(Records from a data source)
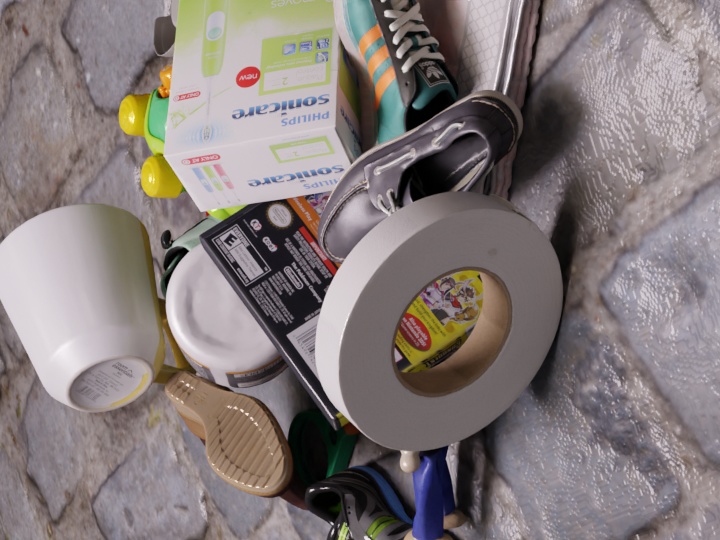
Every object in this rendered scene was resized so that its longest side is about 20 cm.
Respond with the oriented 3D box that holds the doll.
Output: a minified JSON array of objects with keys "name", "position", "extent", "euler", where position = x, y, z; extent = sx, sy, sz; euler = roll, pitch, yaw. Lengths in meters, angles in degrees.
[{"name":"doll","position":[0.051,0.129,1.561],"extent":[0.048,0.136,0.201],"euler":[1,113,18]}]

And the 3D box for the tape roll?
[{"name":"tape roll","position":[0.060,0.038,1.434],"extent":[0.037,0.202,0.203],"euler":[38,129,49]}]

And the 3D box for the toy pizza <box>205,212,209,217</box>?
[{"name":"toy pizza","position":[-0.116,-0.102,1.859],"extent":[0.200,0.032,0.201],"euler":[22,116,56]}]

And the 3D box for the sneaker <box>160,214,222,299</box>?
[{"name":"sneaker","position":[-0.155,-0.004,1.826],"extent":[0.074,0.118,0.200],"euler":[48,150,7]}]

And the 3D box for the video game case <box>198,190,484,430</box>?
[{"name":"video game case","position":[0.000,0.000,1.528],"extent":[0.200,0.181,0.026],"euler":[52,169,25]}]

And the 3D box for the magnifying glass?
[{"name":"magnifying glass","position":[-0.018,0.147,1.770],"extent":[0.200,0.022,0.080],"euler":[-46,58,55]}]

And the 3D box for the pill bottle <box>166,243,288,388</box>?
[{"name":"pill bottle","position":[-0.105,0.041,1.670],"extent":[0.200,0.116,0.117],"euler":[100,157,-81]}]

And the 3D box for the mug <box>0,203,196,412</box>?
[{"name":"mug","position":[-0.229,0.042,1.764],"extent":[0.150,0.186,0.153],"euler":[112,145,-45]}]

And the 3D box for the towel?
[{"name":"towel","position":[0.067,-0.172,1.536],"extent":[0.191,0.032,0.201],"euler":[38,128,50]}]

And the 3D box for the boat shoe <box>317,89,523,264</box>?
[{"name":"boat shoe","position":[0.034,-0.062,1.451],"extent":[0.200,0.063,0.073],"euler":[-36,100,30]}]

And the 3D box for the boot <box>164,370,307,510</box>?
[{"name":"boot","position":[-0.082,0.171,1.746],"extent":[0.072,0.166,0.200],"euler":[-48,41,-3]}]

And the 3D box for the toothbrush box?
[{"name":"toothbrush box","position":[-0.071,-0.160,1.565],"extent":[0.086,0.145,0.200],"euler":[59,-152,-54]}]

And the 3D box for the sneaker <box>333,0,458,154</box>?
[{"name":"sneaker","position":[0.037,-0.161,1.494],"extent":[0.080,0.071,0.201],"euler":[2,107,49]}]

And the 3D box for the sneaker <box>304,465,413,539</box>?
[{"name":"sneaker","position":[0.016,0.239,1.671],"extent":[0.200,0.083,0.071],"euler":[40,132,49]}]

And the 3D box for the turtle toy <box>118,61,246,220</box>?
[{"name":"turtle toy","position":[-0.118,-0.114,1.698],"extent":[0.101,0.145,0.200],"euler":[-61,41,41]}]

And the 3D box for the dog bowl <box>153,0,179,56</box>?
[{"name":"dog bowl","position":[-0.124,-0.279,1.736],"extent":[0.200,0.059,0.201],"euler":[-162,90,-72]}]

---

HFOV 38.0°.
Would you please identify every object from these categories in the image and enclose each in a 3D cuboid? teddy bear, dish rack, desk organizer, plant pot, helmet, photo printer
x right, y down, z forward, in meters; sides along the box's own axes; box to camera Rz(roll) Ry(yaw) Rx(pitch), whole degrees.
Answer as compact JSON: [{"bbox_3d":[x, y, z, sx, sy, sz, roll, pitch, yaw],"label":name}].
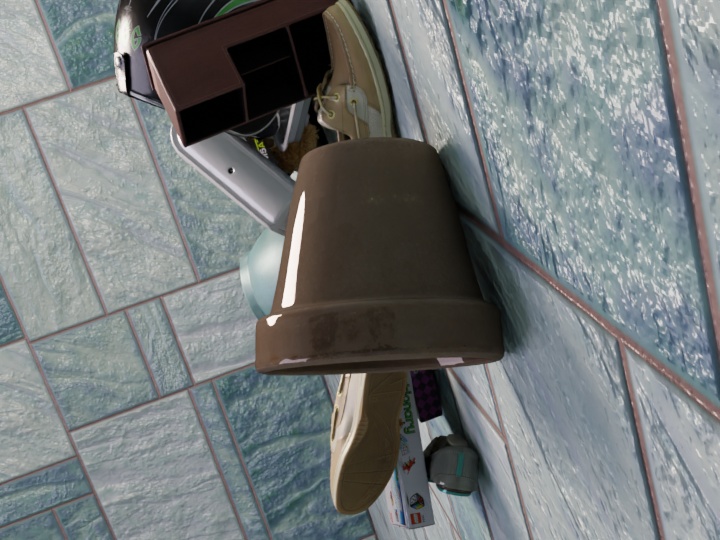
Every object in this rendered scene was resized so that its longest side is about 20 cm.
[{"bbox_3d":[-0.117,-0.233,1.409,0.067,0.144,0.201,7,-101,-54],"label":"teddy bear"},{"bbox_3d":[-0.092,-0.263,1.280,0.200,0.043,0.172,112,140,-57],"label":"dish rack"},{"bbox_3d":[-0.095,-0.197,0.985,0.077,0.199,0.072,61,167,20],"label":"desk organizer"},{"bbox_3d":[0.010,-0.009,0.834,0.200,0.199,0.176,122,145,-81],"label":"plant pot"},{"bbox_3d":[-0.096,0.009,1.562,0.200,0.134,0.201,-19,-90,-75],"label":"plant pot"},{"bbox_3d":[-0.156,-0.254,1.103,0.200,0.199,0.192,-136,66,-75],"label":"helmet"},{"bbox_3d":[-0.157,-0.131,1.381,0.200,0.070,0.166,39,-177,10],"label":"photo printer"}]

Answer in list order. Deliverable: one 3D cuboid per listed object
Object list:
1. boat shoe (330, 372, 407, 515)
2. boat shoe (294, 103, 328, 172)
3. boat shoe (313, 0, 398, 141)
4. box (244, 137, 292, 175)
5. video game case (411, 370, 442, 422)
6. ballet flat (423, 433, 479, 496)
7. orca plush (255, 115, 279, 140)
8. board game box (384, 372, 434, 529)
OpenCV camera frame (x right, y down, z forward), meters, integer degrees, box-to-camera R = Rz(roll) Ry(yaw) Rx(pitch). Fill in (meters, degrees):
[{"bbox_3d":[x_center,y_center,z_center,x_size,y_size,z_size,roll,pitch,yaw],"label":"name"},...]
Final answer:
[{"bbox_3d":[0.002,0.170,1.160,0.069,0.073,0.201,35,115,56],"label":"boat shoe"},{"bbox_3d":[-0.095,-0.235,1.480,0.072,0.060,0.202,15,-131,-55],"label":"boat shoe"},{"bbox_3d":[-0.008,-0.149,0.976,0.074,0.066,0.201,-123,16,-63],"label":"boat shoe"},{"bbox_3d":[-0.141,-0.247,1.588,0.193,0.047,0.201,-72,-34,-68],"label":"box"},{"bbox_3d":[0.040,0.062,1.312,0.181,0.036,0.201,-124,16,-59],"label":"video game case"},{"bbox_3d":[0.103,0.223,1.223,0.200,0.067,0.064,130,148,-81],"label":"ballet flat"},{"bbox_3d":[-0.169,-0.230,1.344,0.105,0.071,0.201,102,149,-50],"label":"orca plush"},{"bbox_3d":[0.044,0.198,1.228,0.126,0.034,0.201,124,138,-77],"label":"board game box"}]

EXERCISE DESCRIPTION
Only a number is wanted here: how many lines above hold the string "right"?

WRITTEN SOLUTION
2